• **ABOUT THIS EXERCISE**: In the data below, count every line that holds the string "Floor" and reply with the number alone.

*** INPUT ***

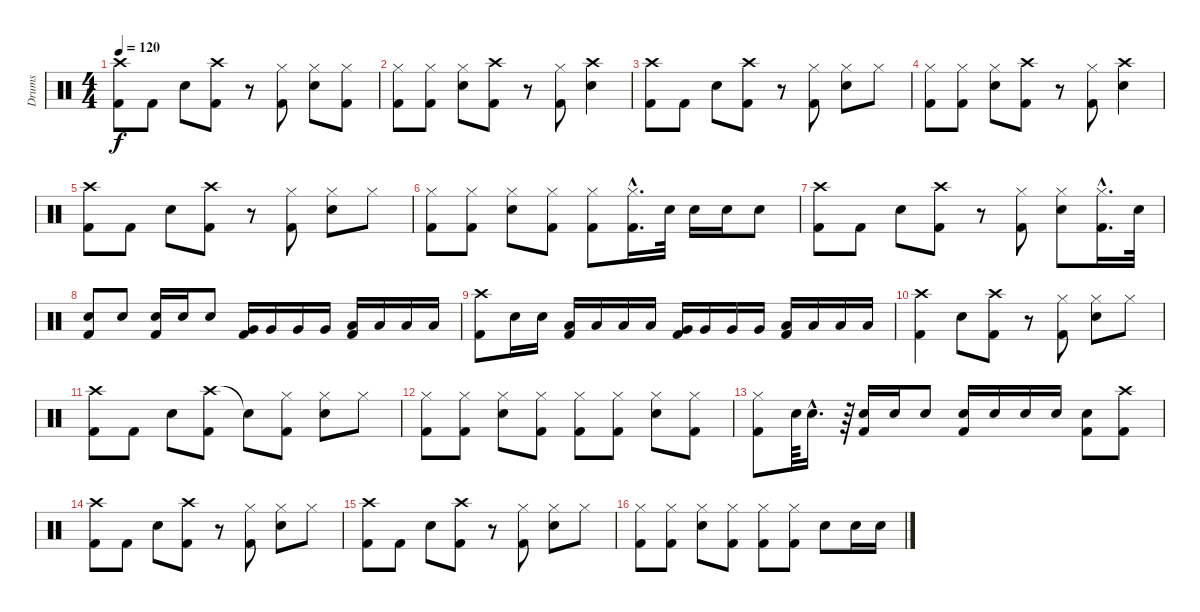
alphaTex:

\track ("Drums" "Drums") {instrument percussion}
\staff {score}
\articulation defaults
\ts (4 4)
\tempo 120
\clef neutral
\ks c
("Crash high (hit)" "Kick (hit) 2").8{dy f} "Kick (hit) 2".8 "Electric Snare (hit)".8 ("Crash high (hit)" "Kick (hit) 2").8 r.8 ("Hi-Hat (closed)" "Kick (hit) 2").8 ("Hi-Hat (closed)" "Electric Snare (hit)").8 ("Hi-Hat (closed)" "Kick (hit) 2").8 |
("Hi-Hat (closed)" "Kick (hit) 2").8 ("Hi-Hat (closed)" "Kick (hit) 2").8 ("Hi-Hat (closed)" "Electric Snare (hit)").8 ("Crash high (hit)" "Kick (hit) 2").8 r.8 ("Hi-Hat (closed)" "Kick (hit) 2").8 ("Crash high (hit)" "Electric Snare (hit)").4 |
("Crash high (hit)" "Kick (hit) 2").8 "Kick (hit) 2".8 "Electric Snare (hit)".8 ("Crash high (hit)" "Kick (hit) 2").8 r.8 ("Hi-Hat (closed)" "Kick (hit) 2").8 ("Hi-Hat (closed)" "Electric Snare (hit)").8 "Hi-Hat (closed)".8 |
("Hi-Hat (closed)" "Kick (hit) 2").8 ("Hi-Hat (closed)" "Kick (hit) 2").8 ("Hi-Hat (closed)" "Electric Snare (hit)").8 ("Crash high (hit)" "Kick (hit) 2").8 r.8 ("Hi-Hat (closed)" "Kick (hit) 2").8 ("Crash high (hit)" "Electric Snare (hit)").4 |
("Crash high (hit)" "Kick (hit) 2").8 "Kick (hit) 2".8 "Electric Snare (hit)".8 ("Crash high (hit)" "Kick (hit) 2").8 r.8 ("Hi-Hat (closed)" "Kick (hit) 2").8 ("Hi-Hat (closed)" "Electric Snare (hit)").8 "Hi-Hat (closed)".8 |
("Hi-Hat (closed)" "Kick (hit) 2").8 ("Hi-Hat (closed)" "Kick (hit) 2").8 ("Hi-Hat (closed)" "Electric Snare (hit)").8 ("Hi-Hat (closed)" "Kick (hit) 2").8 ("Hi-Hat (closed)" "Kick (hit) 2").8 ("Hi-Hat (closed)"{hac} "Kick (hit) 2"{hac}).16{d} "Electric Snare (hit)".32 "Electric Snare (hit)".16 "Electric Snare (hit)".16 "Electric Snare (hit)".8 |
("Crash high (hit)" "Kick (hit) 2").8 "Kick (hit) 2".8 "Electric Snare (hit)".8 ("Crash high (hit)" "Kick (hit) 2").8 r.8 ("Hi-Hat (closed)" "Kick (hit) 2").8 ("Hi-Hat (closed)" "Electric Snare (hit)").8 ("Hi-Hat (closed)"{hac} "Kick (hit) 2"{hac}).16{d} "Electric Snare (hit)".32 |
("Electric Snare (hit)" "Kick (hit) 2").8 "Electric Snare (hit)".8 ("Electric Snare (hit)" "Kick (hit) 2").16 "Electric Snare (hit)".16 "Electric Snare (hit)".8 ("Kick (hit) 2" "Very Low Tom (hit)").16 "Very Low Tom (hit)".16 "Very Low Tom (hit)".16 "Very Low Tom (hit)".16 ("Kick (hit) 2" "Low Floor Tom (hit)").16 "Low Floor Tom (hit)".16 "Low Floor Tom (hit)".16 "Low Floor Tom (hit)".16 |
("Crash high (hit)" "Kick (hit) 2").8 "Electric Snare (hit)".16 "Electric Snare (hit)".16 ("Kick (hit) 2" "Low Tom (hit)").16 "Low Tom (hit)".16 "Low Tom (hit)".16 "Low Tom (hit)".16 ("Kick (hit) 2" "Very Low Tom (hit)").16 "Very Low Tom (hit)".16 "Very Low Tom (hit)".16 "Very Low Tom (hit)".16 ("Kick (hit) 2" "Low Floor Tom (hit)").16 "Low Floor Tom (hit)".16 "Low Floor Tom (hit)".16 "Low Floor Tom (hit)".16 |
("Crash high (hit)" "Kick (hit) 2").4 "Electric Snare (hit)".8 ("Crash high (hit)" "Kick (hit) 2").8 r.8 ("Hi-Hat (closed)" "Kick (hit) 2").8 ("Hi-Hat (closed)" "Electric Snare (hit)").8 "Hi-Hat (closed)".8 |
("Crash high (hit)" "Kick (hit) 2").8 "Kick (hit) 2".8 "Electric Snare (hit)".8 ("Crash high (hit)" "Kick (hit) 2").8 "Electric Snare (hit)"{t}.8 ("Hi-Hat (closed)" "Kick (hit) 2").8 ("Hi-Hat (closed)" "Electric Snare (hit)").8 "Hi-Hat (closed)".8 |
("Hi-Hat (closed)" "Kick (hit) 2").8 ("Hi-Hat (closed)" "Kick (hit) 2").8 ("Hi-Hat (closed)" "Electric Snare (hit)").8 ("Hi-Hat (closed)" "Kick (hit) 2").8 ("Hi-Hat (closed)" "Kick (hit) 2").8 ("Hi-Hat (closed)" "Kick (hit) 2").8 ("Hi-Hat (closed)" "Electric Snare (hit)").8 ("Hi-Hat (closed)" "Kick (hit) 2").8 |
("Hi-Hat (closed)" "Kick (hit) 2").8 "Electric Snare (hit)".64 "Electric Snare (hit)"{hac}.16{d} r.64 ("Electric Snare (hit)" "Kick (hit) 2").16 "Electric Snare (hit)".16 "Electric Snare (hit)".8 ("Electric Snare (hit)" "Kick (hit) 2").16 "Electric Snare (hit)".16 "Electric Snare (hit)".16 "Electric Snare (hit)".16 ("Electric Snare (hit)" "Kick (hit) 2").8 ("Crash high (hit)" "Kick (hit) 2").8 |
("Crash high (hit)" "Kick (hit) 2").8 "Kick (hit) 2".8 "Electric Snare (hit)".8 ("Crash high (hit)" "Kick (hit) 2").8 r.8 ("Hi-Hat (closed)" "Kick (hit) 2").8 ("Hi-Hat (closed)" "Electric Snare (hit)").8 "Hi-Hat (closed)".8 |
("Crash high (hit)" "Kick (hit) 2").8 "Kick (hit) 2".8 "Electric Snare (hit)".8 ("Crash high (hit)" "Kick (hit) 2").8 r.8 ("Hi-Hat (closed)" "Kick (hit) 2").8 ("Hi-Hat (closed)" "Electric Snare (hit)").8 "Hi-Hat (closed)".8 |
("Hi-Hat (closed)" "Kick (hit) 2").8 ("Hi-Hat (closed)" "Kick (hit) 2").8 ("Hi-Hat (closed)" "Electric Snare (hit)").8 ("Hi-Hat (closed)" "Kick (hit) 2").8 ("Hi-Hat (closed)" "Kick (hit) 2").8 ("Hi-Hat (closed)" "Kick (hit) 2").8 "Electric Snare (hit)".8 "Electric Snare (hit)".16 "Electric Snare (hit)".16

***

• **RESPONSE TO THIS EXERCISE**: 2